7. The pointer instrument reading identification method based on computer vision and deep learning of claim 1, characterized in that: the step (4) of rotating and dividing the preprocessed image according to the coordinate information and the angle information of the line segment determined as the scale mark, and acquiring the specific content of the image of the area where the number corresponding to the scale is located includes the following operation steps:

(41) Respectively calculating the distances from the two end points of the scale mark to the central point of the image, taking a point with a smaller distance, and setting the coordinates as (x, y);

8. The pointer instrument reading identification method based on computer vision and deep learning of claim 1, characterized in that: in the step (4), the single digital area image is further segmented, and the images obtained after segmentation are processed into a standard image with the height of 72 pixels and the width of 72 pixels.
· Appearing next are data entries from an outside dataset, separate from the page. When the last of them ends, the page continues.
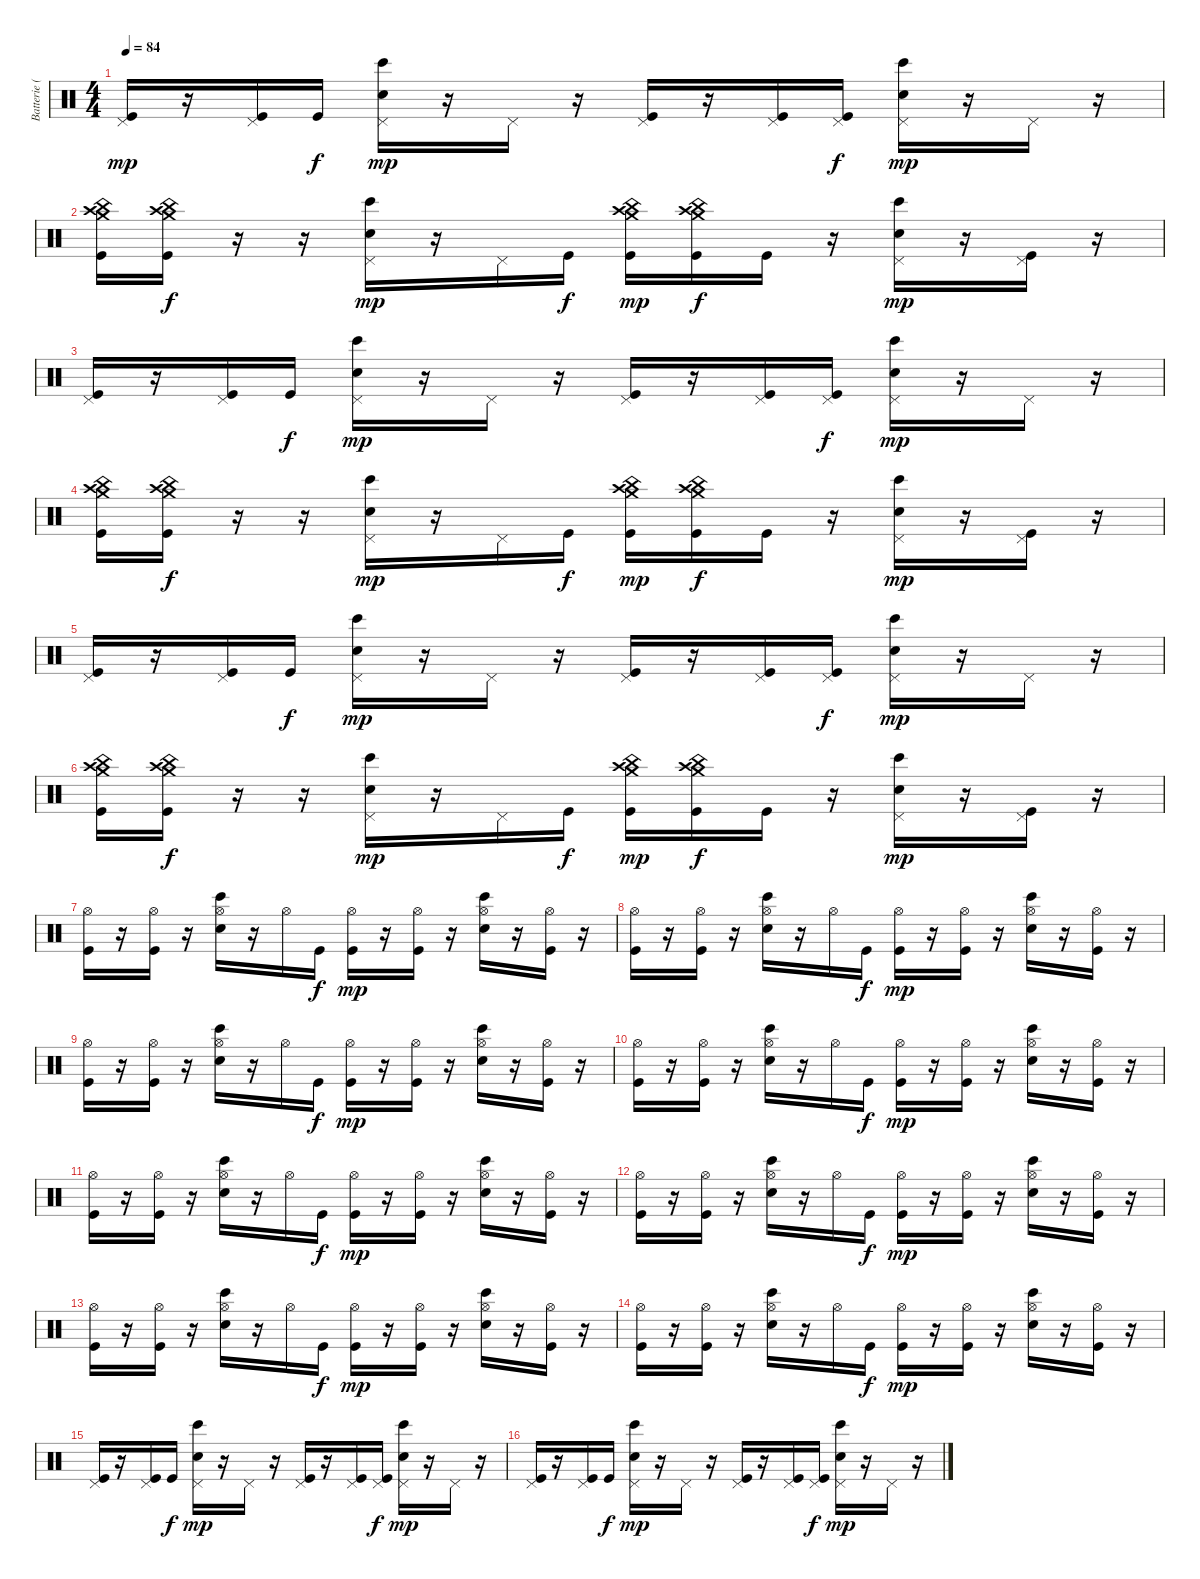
\track ("Batterie (+hand claps)" "Batterie (") {instrument percussion}
\staff {score}
\articulation defaults
\ts (4 4)
\tempo 84
\clef neutral
\ks c
("Pedal Hi-Hat (hit)" "Kick (hit)").16{dy mp} r.16 ("Pedal Hi-Hat (hit)" "Kick (hit)").16 "Kick (hit)".16{dy f} ("Pedal Hi-Hat (hit)" "Hand Clap (hit)" "Bongo High (hit)").16{dy mp} r.16 "Pedal Hi-Hat (hit)".16 r.16 ("Pedal Hi-Hat (hit)" "Kick (hit)").16 r.16 ("Pedal Hi-Hat (hit)" "Kick (hit)").16 ("Pedal Hi-Hat (hit)" "Kick (hit)").16{dy f} ("Pedal Hi-Hat (hit)" "Hand Clap (hit)" "Bongo High (hit)").16{dy mp} r.16 "Pedal Hi-Hat (hit)".16 r.16 |
("Crash high (hit)" "China (hit)" "Crash medium (hit)" "Kick (hit)").16 ("Crash high (hit)" "China (hit)" "Crash medium (hit)" "Kick (hit)").16{dy f} r.16 r.16 ("Pedal Hi-Hat (hit)" "Hand Clap (hit)" "Bongo High (hit)").16{dy mp} r.16 "Pedal Hi-Hat (hit)".16 "Kick (hit)".16{dy f} ("Crash high (hit)" "China (hit)" "Crash medium (hit)" "Kick (hit)").16{dy mp} ("Crash high (hit)" "China (hit)" "Crash medium (hit)" "Kick (hit)").16{dy f} "Kick (hit)".16 r.16 ("Pedal Hi-Hat (hit)" "Hand Clap (hit)" "Bongo High (hit)").16{dy mp} r.16 ("Pedal Hi-Hat (hit)" "Kick (hit)").16 r.16 |
("Pedal Hi-Hat (hit)" "Kick (hit)").16 r.16 ("Pedal Hi-Hat (hit)" "Kick (hit)").16 "Kick (hit)".16{dy f} ("Pedal Hi-Hat (hit)" "Hand Clap (hit)" "Bongo High (hit)").16{dy mp} r.16 "Pedal Hi-Hat (hit)".16 r.16 ("Pedal Hi-Hat (hit)" "Kick (hit)").16 r.16 ("Pedal Hi-Hat (hit)" "Kick (hit)").16 ("Pedal Hi-Hat (hit)" "Kick (hit)").16{dy f} ("Pedal Hi-Hat (hit)" "Hand Clap (hit)" "Bongo High (hit)").16{dy mp} r.16 "Pedal Hi-Hat (hit)".16 r.16 |
("Crash high (hit)" "China (hit)" "Crash medium (hit)" "Kick (hit)").16 ("Crash high (hit)" "China (hit)" "Crash medium (hit)" "Kick (hit)").16{dy f} r.16 r.16 ("Pedal Hi-Hat (hit)" "Hand Clap (hit)" "Bongo High (hit)").16{dy mp} r.16 "Pedal Hi-Hat (hit)".16 "Kick (hit)".16{dy f} ("Crash high (hit)" "China (hit)" "Crash medium (hit)" "Kick (hit)").16{dy mp} ("Crash high (hit)" "China (hit)" "Crash medium (hit)" "Kick (hit)").16{dy f} "Kick (hit)".16 r.16 ("Pedal Hi-Hat (hit)" "Hand Clap (hit)" "Bongo High (hit)").16{dy mp} r.16 ("Pedal Hi-Hat (hit)" "Kick (hit)").16 r.16 |
("Pedal Hi-Hat (hit)" "Kick (hit)").16 r.16 ("Pedal Hi-Hat (hit)" "Kick (hit)").16 "Kick (hit)".16{dy f} ("Pedal Hi-Hat (hit)" "Hand Clap (hit)" "Bongo High (hit)").16{dy mp} r.16 "Pedal Hi-Hat (hit)".16 r.16 ("Pedal Hi-Hat (hit)" "Kick (hit)").16 r.16 ("Pedal Hi-Hat (hit)" "Kick (hit)").16 ("Pedal Hi-Hat (hit)" "Kick (hit)").16{dy f} ("Pedal Hi-Hat (hit)" "Hand Clap (hit)" "Bongo High (hit)").16{dy mp} r.16 "Pedal Hi-Hat (hit)".16 r.16 |
("Crash high (hit)" "China (hit)" "Crash medium (hit)" "Kick (hit)").16 ("Crash high (hit)" "China (hit)" "Crash medium (hit)" "Kick (hit)").16{dy f} r.16 r.16 ("Pedal Hi-Hat (hit)" "Hand Clap (hit)" "Bongo High (hit)").16{dy mp} r.16 "Pedal Hi-Hat (hit)".16 "Kick (hit)".16{dy f} ("Crash high (hit)" "China (hit)" "Crash medium (hit)" "Kick (hit)").16{dy mp} ("Crash high (hit)" "China (hit)" "Crash medium (hit)" "Kick (hit)").16{dy f} "Kick (hit)".16 r.16 ("Pedal Hi-Hat (hit)" "Hand Clap (hit)" "Bongo High (hit)").16{dy mp} r.16 ("Pedal Hi-Hat (hit)" "Kick (hit)").16 r.16 |
("Hi-Hat (open)" "Kick (hit)").16 r.16 ("Hi-Hat (open)" "Kick (hit)").16 r.16 ("Hi-Hat (open)" "Hand Clap (hit)" "Bongo High (hit)").16 r.16 "Hi-Hat (open)".16 "Kick (hit)".16{dy f} ("Hi-Hat (open)" "Kick (hit)").16{dy mp} r.16 ("Hi-Hat (open)" "Kick (hit)").16 r.16 ("Hi-Hat (open)" "Hand Clap (hit)" "Bongo High (hit)").16 r.16 ("Hi-Hat (open)" "Kick (hit)").16 r.16 |
("Hi-Hat (open)" "Kick (hit)").16 r.16 ("Hi-Hat (open)" "Kick (hit)").16 r.16 ("Hi-Hat (open)" "Hand Clap (hit)" "Bongo High (hit)").16 r.16 "Hi-Hat (open)".16 "Kick (hit)".16{dy f} ("Hi-Hat (open)" "Kick (hit)").16{dy mp} r.16 ("Hi-Hat (open)" "Kick (hit)").16 r.16 ("Hi-Hat (open)" "Hand Clap (hit)" "Bongo High (hit)").16 r.16 ("Hi-Hat (open)" "Kick (hit)").16 r.16 |
("Hi-Hat (open)" "Kick (hit)").16 r.16 ("Hi-Hat (open)" "Kick (hit)").16 r.16 ("Hi-Hat (open)" "Hand Clap (hit)" "Bongo High (hit)").16 r.16 "Hi-Hat (open)".16 "Kick (hit)".16{dy f} ("Hi-Hat (open)" "Kick (hit)").16{dy mp} r.16 ("Hi-Hat (open)" "Kick (hit)").16 r.16 ("Hi-Hat (open)" "Hand Clap (hit)" "Bongo High (hit)").16 r.16 ("Hi-Hat (open)" "Kick (hit)").16 r.16 |
("Hi-Hat (open)" "Kick (hit)").16 r.16 ("Hi-Hat (open)" "Kick (hit)").16 r.16 ("Hi-Hat (open)" "Hand Clap (hit)" "Bongo High (hit)").16 r.16 "Hi-Hat (open)".16 "Kick (hit)".16{dy f} ("Hi-Hat (open)" "Kick (hit)").16{dy mp} r.16 ("Hi-Hat (open)" "Kick (hit)").16 r.16 ("Hi-Hat (open)" "Hand Clap (hit)" "Bongo High (hit)").16 r.16 ("Hi-Hat (open)" "Kick (hit)").16 r.16 |
("Hi-Hat (open)" "Kick (hit)").16 r.16 ("Hi-Hat (open)" "Kick (hit)").16 r.16 ("Hi-Hat (open)" "Hand Clap (hit)" "Bongo High (hit)").16 r.16 "Hi-Hat (open)".16 "Kick (hit)".16{dy f} ("Hi-Hat (open)" "Kick (hit)").16{dy mp} r.16 ("Hi-Hat (open)" "Kick (hit)").16 r.16 ("Hi-Hat (open)" "Hand Clap (hit)" "Bongo High (hit)").16 r.16 ("Hi-Hat (open)" "Kick (hit)").16 r.16 |
("Hi-Hat (open)" "Kick (hit)").16 r.16 ("Hi-Hat (open)" "Kick (hit)").16 r.16 ("Hi-Hat (open)" "Hand Clap (hit)" "Bongo High (hit)").16 r.16 "Hi-Hat (open)".16 "Kick (hit)".16{dy f} ("Hi-Hat (open)" "Kick (hit)").16{dy mp} r.16 ("Hi-Hat (open)" "Kick (hit)").16 r.16 ("Hi-Hat (open)" "Hand Clap (hit)" "Bongo High (hit)").16 r.16 ("Hi-Hat (open)" "Kick (hit)").16 r.16 |
("Hi-Hat (open)" "Kick (hit)").16 r.16 ("Hi-Hat (open)" "Kick (hit)").16 r.16 ("Hi-Hat (open)" "Hand Clap (hit)" "Bongo High (hit)").16 r.16 "Hi-Hat (open)".16 "Kick (hit)".16{dy f} ("Hi-Hat (open)" "Kick (hit)").16{dy mp} r.16 ("Hi-Hat (open)" "Kick (hit)").16 r.16 ("Hi-Hat (open)" "Hand Clap (hit)" "Bongo High (hit)").16 r.16 ("Hi-Hat (open)" "Kick (hit)").16 r.16 |
("Hi-Hat (open)" "Kick (hit)").16 r.16 ("Hi-Hat (open)" "Kick (hit)").16 r.16 ("Hi-Hat (open)" "Hand Clap (hit)" "Bongo High (hit)").16 r.16 "Hi-Hat (open)".16 "Kick (hit)".16{dy f} ("Hi-Hat (open)" "Kick (hit)").16{dy mp} r.16 ("Hi-Hat (open)" "Kick (hit)").16 r.16 ("Hi-Hat (open)" "Hand Clap (hit)" "Bongo High (hit)").16 r.16 ("Hi-Hat (open)" "Kick (hit)").16 r.16 |
("Pedal Hi-Hat (hit)" "Kick (hit)").16 r.16 ("Pedal Hi-Hat (hit)" "Kick (hit)").16 "Kick (hit)".16{dy f} ("Pedal Hi-Hat (hit)" "Hand Clap (hit)" "Bongo High (hit)").16{dy mp} r.16 "Pedal Hi-Hat (hit)".16 r.16 ("Pedal Hi-Hat (hit)" "Kick (hit)").16 r.16 ("Pedal Hi-Hat (hit)" "Kick (hit)").16 ("Pedal Hi-Hat (hit)" "Kick (hit)").16{dy f} ("Pedal Hi-Hat (hit)" "Hand Clap (hit)" "Bongo High (hit)").16{dy mp} r.16 "Pedal Hi-Hat (hit)".16 r.16 |
("Pedal Hi-Hat (hit)" "Kick (hit)").16 r.16 ("Pedal Hi-Hat (hit)" "Kick (hit)").16 "Kick (hit)".16{dy f} ("Pedal Hi-Hat (hit)" "Hand Clap (hit)" "Bongo High (hit)").16{dy mp} r.16 "Pedal Hi-Hat (hit)".16 r.16 ("Pedal Hi-Hat (hit)" "Kick (hit)").16 r.16 ("Pedal Hi-Hat (hit)" "Kick (hit)").16 ("Pedal Hi-Hat (hit)" "Kick (hit)").16{dy f} ("Pedal Hi-Hat (hit)" "Hand Clap (hit)" "Bongo High (hit)").16{dy mp} r.16 "Pedal Hi-Hat (hit)".16 r.16

9. The pointer instrument reading identification method based on computer vision and deep learning of claim 1, characterized in that: in the step (5), the returned single digital image is identified through a pre-trained deep neural network, and the specific content of the digital image with the maximum confidence coefficient is obtained through the following operation steps:

(5101) Selecting a deep neural network as a training network;

10. The pointer instrument reading identification method based on computer vision and deep learning of claim 1, characterized in that: the step (5) of sequencing the identified numbers according to the returned acquired single number position information to obtain the specific content of the final number comprises the following operation steps:

(5202) Sorting the numbers according to the x value of the coordinate at the upper left corner from small to large, and combining the sorted numbers into an integer;

11. The pointer instrument reading identification method based on computer vision and deep learning of claim 1, characterized in that: the step (6) of returning the angle information determined as the scale mark according to the step (3) and the final number returned in the step (5) and calculating the specific content of the value represented by each degree comprises the following operation steps:

(6103) Taking the median of all numbers represented by each degree as the final result.

12. The pointer instrument reading identification method based on computer vision and deep learning of claim 1 or 11, wherein: the specific content of calculating the final reading result according to the angle information returned as the judgment pointer in the step (6) comprises the following operation steps:

(6203) Taking the median of all reading results as the final reading result.